Ciò è comprensibile, ma vi sono disposizioni di tale Codice la cui posticipazione, proprio perché si tratta di norme introdotte per agevolare il superamento delle crisi aziendali, è in questo momento al contrario illogica e controproducente. Ci riferiamo alle disposizioni che rendono più efficace e più rapida la ristrutturazione dei debiti fiscali attuata mediante la c.d. “transazione fiscale”, attualmente disciplinata dall’art. 182-ter della legge fallimentare; si tratta, quindi, di misure che sono tanto più utili quanto più grave è la situazione finanziaria in cui le imprese versano, cioè di misure che per tale motivo è del tutto inopportuno rinviare proprio ora che ve n’è più bisogno.
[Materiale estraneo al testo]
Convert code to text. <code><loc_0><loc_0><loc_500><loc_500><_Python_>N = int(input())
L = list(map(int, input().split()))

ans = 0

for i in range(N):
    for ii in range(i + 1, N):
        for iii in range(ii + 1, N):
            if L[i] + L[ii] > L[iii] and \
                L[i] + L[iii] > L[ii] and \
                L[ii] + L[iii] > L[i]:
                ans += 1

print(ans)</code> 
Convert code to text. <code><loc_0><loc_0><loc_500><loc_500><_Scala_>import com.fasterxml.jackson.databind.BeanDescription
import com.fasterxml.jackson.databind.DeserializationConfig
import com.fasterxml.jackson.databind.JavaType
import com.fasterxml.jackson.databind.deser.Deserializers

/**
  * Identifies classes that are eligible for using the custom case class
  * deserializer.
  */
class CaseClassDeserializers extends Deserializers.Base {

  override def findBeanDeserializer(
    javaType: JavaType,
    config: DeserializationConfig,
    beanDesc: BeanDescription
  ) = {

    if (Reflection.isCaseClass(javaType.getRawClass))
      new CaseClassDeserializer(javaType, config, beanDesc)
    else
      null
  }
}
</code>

Grazie alla transazione fiscale le imprese che si trovano in una situazione di crisi finanziaria, reversibile o irreversibile, possono proporre all’Agenzia delle Entrate una falcidia e/o una dilazione di pagamento dei debiti tributari ben più ampia di quella ordinaria, dimostrando la necessità delle falcidie e delle dilazioni richieste per mezzo di un piano di risanamento attestato da un professionista indipendente.
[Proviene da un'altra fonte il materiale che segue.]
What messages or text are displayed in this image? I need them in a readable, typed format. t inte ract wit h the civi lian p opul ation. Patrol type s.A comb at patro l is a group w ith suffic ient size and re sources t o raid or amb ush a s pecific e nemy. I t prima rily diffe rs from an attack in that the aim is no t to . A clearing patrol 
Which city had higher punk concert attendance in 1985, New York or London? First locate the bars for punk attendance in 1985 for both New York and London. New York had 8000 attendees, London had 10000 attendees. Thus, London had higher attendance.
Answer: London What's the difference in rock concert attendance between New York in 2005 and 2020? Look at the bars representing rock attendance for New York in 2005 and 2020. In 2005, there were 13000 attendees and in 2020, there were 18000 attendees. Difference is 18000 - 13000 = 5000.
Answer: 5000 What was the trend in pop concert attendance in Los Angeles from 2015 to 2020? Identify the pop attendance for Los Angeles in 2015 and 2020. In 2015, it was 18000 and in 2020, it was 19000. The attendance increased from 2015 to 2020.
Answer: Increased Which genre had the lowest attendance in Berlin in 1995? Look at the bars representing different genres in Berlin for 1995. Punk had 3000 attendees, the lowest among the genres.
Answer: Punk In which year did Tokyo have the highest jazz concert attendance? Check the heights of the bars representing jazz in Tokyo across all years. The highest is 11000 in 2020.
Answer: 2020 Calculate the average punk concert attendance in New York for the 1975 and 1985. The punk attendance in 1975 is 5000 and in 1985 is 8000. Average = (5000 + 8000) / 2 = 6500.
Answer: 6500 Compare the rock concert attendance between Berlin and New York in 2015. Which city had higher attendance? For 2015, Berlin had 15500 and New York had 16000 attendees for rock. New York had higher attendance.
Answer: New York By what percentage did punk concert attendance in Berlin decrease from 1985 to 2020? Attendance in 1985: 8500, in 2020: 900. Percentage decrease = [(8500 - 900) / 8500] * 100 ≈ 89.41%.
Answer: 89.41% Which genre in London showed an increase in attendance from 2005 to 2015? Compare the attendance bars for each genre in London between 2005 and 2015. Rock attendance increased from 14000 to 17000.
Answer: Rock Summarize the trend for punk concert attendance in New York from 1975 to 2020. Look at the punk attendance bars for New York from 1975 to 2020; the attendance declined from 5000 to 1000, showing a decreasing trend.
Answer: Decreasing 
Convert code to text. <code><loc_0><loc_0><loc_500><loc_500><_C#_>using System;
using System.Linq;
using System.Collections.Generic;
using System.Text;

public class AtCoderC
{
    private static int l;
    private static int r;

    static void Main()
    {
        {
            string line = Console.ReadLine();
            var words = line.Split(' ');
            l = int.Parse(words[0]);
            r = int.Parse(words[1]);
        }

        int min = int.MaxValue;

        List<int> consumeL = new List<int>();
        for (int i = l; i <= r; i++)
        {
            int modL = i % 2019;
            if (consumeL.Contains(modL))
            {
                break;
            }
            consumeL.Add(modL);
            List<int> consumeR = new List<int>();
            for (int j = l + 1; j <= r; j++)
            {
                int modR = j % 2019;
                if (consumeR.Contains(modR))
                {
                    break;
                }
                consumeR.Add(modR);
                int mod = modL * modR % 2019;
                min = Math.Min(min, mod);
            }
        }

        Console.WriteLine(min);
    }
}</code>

I benefici discendenti dalla transazione fiscale variano notevolmente, quindi, da caso a caso e non sono regolati da misure percentuali prestabilite da norme di legge né da atti dell’amministrazione finanziaria; dipendono infatti dalla capacità dell’impresa debitrice di pagare una cifra con una certa dilazione piuttosto che un’altra con una diversa dilazione, sulla base essenzialmente di due principi:

- al Fisco non può essere offerta una somma inferiore a quella che riceverebbe a seguito della liquidazione dell’impresa debitrice;

- i crediti erariali privilegiati non possono essere soddisfatti in misura meno vantaggiosa di quella proposta per i crediti privilegiati di rango inferiore e il trattamento dei crediti erariali chirografari non può essere differenziato rispetto a quello degli altri crediti chirografari e comunque a quello degli altri crediti chirografari di cui sia previsto il trattamento più favorevole.

Per questi motivi, nel corso dell’ultimo decennio abbiamo assistito a transazioni fiscali che hanno comportato, ad esempio, il pagamento del 50% dei debiti tributari in sette/otto anni, così come, a fronte di situazioni aziendali più compromesse, del 30% dei debiti in quindici anni o, come è recentemente accaduto, seppur a fronte di riduzioni più contenute, in oltre venti anni.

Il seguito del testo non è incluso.